Jira link: https://issues.redhat.com/browse/RHEL-71813 If the device is V1 or suggests VIRTIO_F_ANY_LAYOUT it does not have any assumptions regarding framing of packets and does not require to have separate descriptor for vnet header. On bare metal device this reduces number of DMA transaction in RX path. In order to get back to previous behavior it is enough to revert this commit or just set combineHeaderAndData to be false always. Signed-off-by: Yuri Benditovich <[email protected]>

Should be defined as 0 or 1, for RHEL we define 1 This will be used in configuration of RX memory allocation. Value=0 will be probably better for bare-metal implementation. Signed-off-by: Yuri Benditovich <[email protected]>

Jira link: https://issues.redhat.com/browse/RHEL-71813 Fixes: virtio-win#1078 If "Init.SeparateRxTail" is set to 0 the driver will try to allocate contiguous memory block for each RX buffer. If it succeeds, the virtio descriptor will contain single entry and the device will not spend time retrieving the indirect chain. For the bare metail device this might be better. We leave the default value "1" and by default the driver will pace the tail in separate memory block (where we keep indirect descriptors). Signed-off-by: Yuri Benditovich <[email protected]>

This is a possibility to simulate a failure to allocate large blocks. Will return only blocks of page and less, if defined. Signed-off-by: Yuri Benditovich <[email protected]>

ybendito · 2025-05-04T13:23:32Z

@zjmletang Please try this one with configuration "Init.SeparateRxTail"=Disable

zjmletang · 2025-05-05T10:59:46Z

@zjmletang Please try this one with configuration "Init.SeparateRxTail"=Disable

@ybendito great! My leave ends tomorrow, and I will test it as soon as possible and provide feedback to you

ybendito · 2025-05-06T05:25:06Z

@zjmletang If you do your own build, note the commit with INX_NETKVM_SEPARATE_TAIL, place it in your vendor file, probably you'll want it = 0

ybendito · 2025-05-07T06:21:15Z

Tests:
Win11: unclear failure of DF - Reinstall with IO Before and After, passed on rerun
2022: unclear failure of PNP DIF Remove Device, passed on rerun

zjmletang · 2025-05-08T04:10:19Z

@zjmletang Please try this one with configuration "Init.SeparateRxTail"=Disable

Init.SeparateRxTail"=Disable

@ybendito
The following are our test results: This patch significantly improves throughput on the host side. We validated it on two internal hypervisors, both of which implement the virtio net backend in hardware.

Test Results Analysis:
From the host's theoretical perspective, the mechanism optimized by the patch (Init.SeparateRxTail = Enable) reduces the number of fragments from 3 to 2 compared to the master branch. Most data resides in the first fragment, with the second fragment rarely used, thereby reducing DMA requests. When Init.SeparateRxTail = Disable, the primary benefit lies in switching from indirect to direct mode, eliminating the need to parse entry descriptors, which further enhances throughput. The above information is for reference.

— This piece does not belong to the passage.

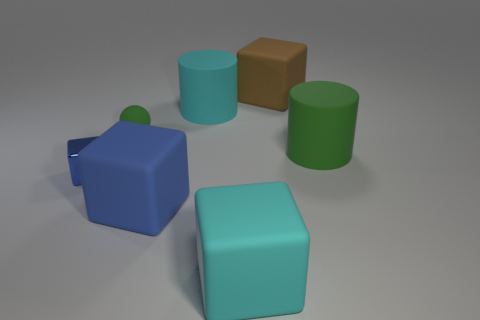Add 2 small shiny cubes. How many objects exist? 9 Subtract all blocks. How many objects are left? 3 Add 4 tiny brown rubber things. How many tiny brown rubber things exist? 4 Subtract 1 green balls. How many objects are left? 6 Subtract all red spheres. Subtract all green rubber objects. How many objects are left? 5 Add 7 big cubes. How many big cubes are left? 10

ybendito · 2025-05-08T04:52:45Z

@zjmletang Thank you for sharing the data. If possible please describe in short the testing conditions:

typical packet size
kind of transfer (tcp/udp/raw/-nagle etc)

zjmletang · 2025-05-08T05:37:02Z

@zjmletang Thank you for sharing the data. If possible please describe in short the testing conditions:

typical packet size

kind of transfer (tcp/udp/raw/-nagle etc)

@ybendito
packet size: 1400
kind of transfer: udp

zjmletang · 2025-05-08T05:46:46Z

@ybendito I have a few additional questions and discussion points:

Is it necessary to expose the Init.SeparateRxTail parameter? On one hand, this parameter is more of an implementation detail compared to other NIC parameters, and I am concerned about explaining its meaning to external users. On the other hand, I do not see any advantages of enabling SeparateRxTail over disabling it. For hardware-implemented virtio device backends, disabling it improves throughput (as shown in the test results above). Even for non-hardware virtio device implementations, it does not seem to cause any side effects.
When using bLargeSingleAllocation, can the memory allocated for the first block (which contains only the indirect area) be released earlier in CreateRxDescriptorOnInit? Since bLargeSingleAllocation uses direct mode, the indirect area is no longer needed.
When using ParaNdis_InitialAllocatePhysicalMemory to allocate memory, the allocated size is not aligned. According to the MSDN documentation for NdisMAllocateSharedMemory, it seems to mention the need to use NdisMGetDmaAlignment to obtain the alignment boundary (I'm not sure if my understanding is correct).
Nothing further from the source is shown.